Et avec la fermeture des frontières du Maroc, leur choix se fait sur notre pays, ce qui constitue une aubaine pour l’économie de la Tunisie. Sachant que chaque patient dépense par voyage entre 4 000 et 10 000 euros.
En plus le secteur de la santé, réalisé 12% du PIB de la Tunisie en 2020 et que le chiffre d’affaires du secteur privé de santé dépasse les revenus du pétrole et des phosphates réunis pour l’année 2020.
Seulement 30% de taux de remplissage des avions de Tunisair
Donc, cette mesure de confinement obligatoire va réduire le flux des voyageurs vers la Tunisie. Pour vous faire une idée, il suffit de demander le taux de remplissage des vols Tunisair vers la Tunisie, on passe rapidement de 90 % à 30 %, ce qui contribue à accentuer l’état de délabrement de notre compagnie nationale.
Mais là aussi le Comité scientifique ainsi que le chef de gouvernement s’en fichent royalement.
Hommes d’affaires, consultants et ingénieurs, des lourdes pertes pour les entreprises
Enfin, la dernière catégorie qui est fortement affectée par cette mesure de confinement obligatoire, ce sont les hommes d’affaires, les prestataires de services, les consultants, les ingénieurs qui sont obligés de réduire ou même de suspendre leurs déplacements en Afrique subsaharienne dans le cadre de réalisation de contrat de service ou de prestations/maintenance, affectant en plus la situation financière de leurs entreprises respectives.

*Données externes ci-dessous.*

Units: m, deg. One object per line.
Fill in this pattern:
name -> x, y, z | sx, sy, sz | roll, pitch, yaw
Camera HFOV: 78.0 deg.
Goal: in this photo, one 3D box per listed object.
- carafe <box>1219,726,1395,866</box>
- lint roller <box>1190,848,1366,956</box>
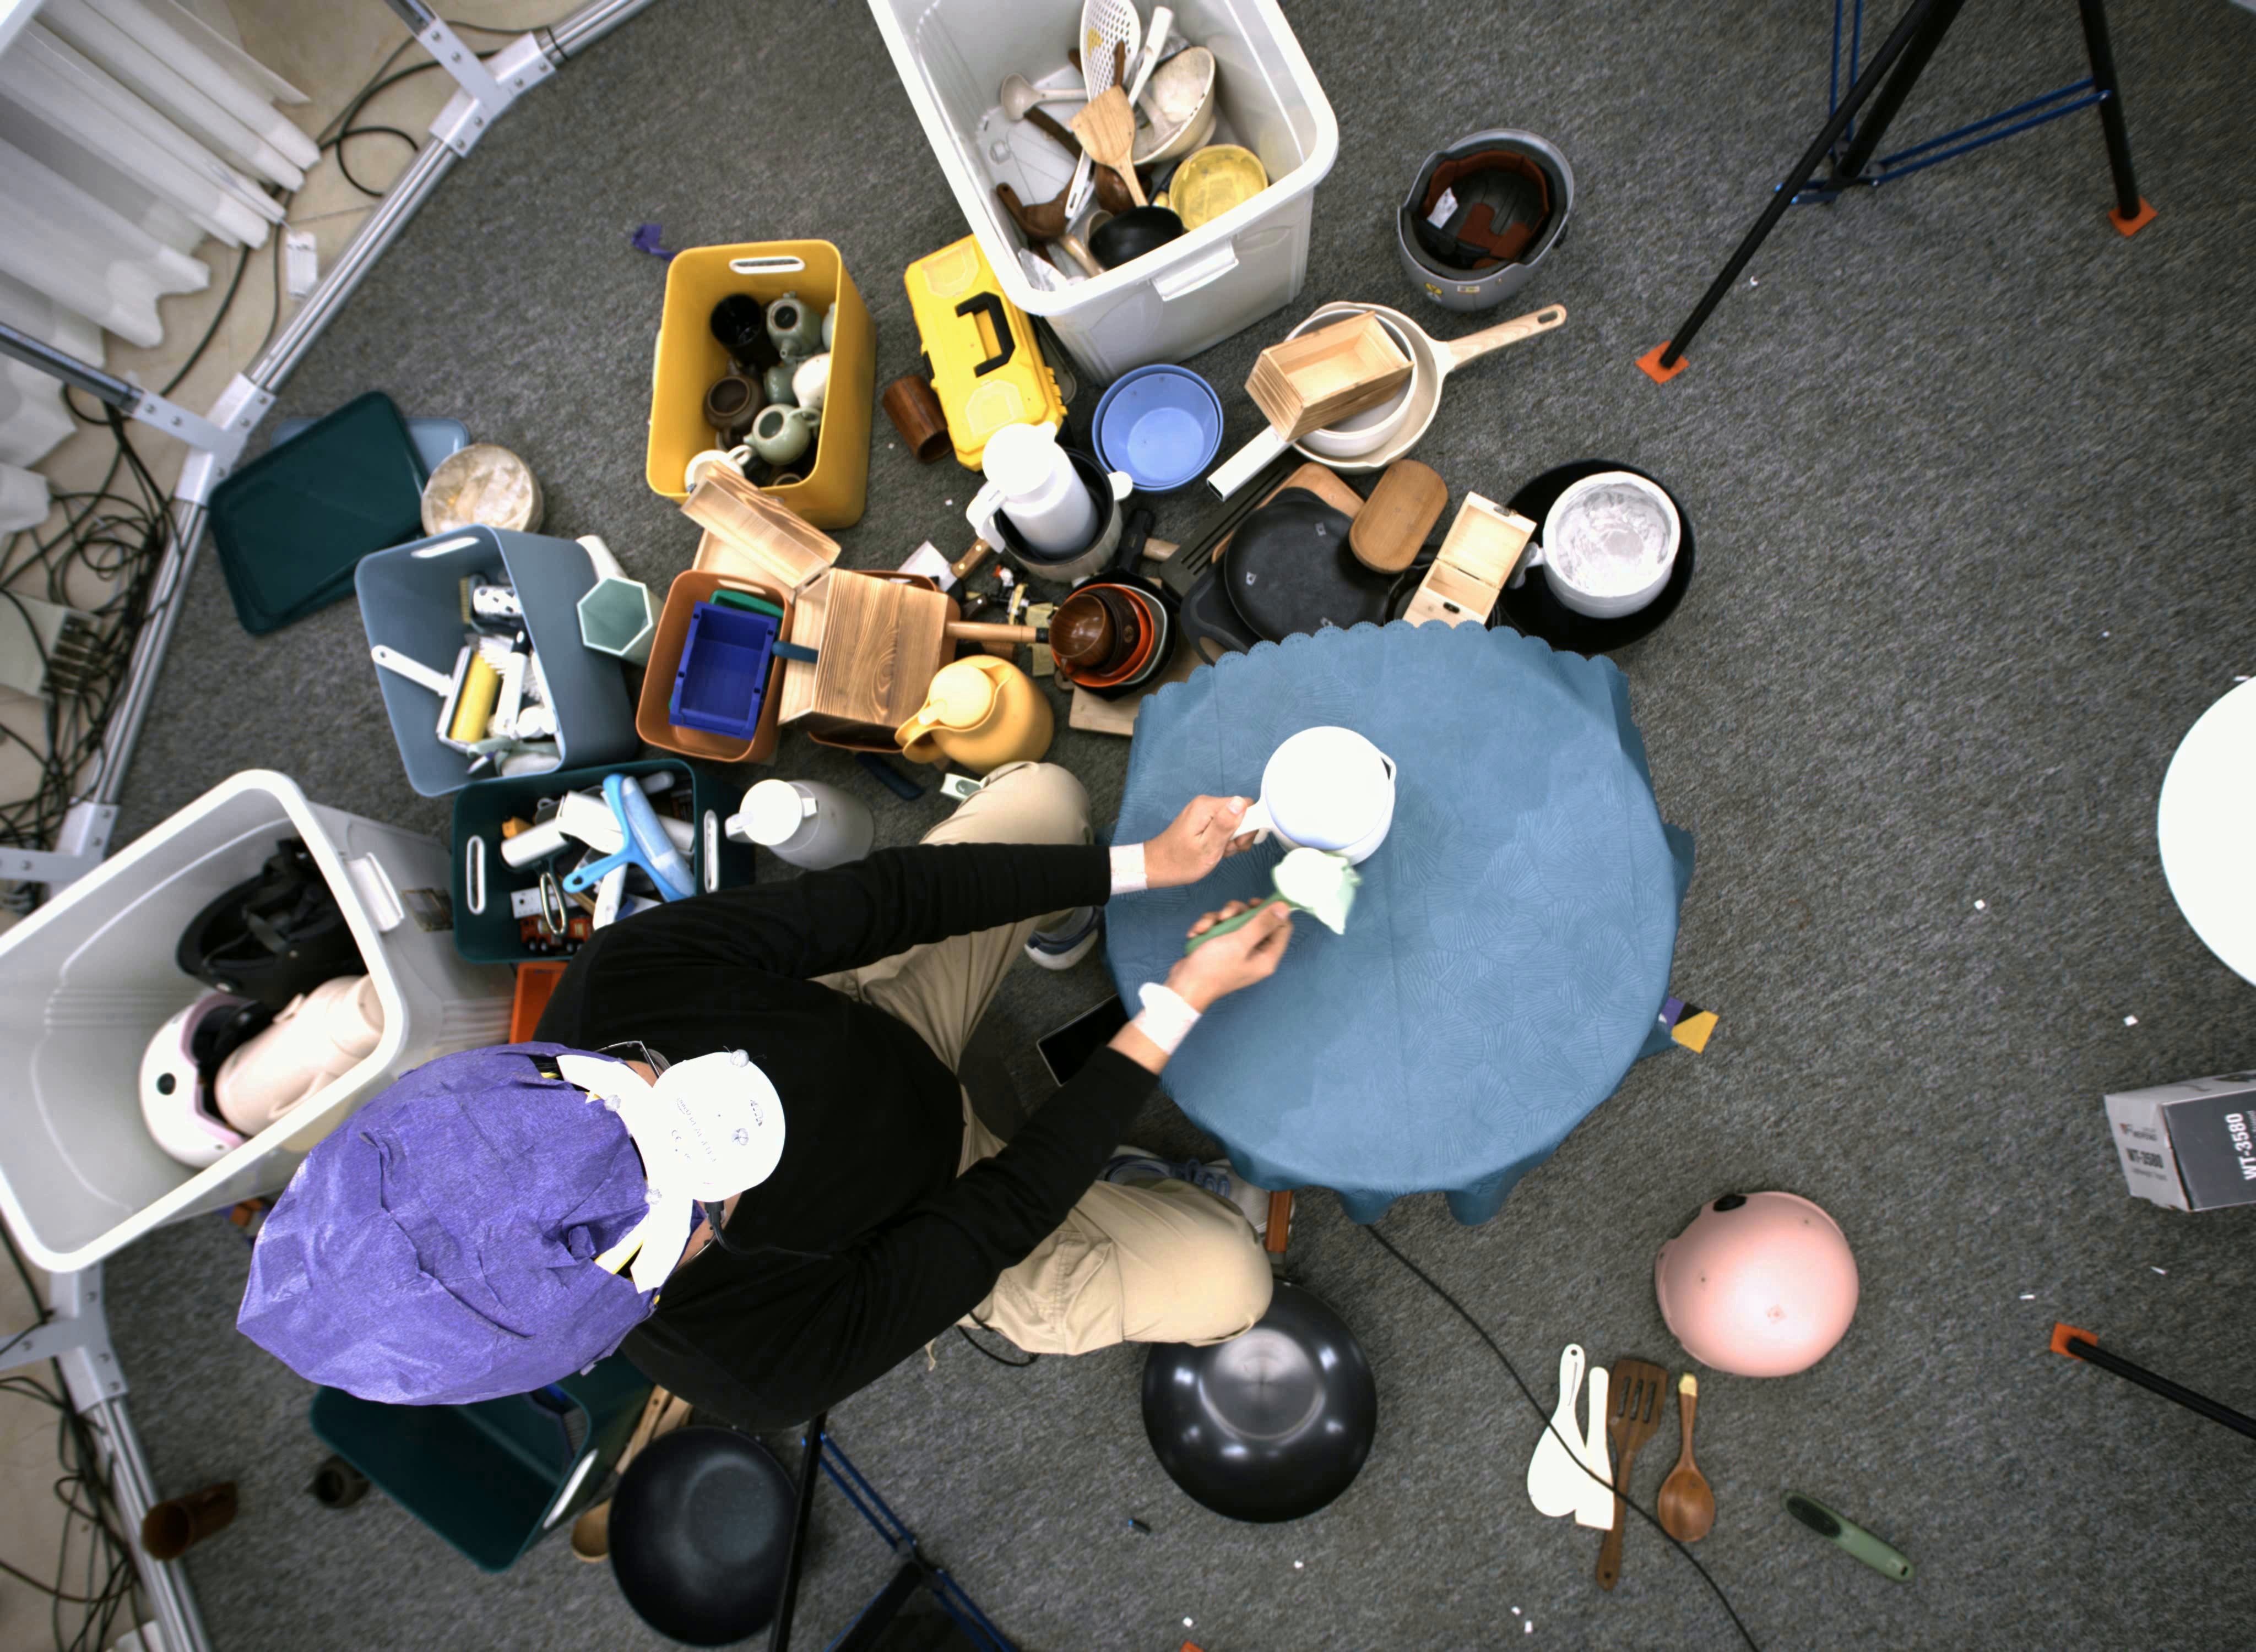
carafe -> 0.180, -0.018, 1.395 | 0.192, 0.182, 0.131 | -22, 81, 10
lint roller -> 0.153, 0.096, 1.370 | 0.184, 0.199, 0.081 | -37, 77, 7

Or cette catégorie de voyageurs est la plus disciplinée, et constitue une toute petite population et dont l’action et l’impact sont très forts en termes de valeur ajoutée à l’économie. Autrement dit, les entreprises qui continuent à recruter, qui créent de la valeur et qui sont, aujourd’hui, l’unique espoir de la Tunisie, ne sont pas suffisamment organisées, et ne sont pas assez protégées par l’UTICA. Donc leur voix n’est pas entendue.
Imaginez un peu les conséquences du confinement obligatoire pour ces centaines de cadres qui n’ont seulement doivent s’absenter 1 semaine entière de leurs entreprises pour chaque voyage, mais doivent débourser plus de 3 000 DT comme frais de confinement pour chaque déplacement et pour chaque personne.
On note que par cette stratégie, les hôteliers ont pu servir leurs intérêts, grâce à leurs fédérations, en résolvant doublement les voyages organisés et le confinement obligatoire.
Dans la gestion de cette crise sanitaire, nos responsables politiques ne regardent jamais l’aspect économique, ni l’incidence de leurs décisions sur les entreprises, et donc su l’économie.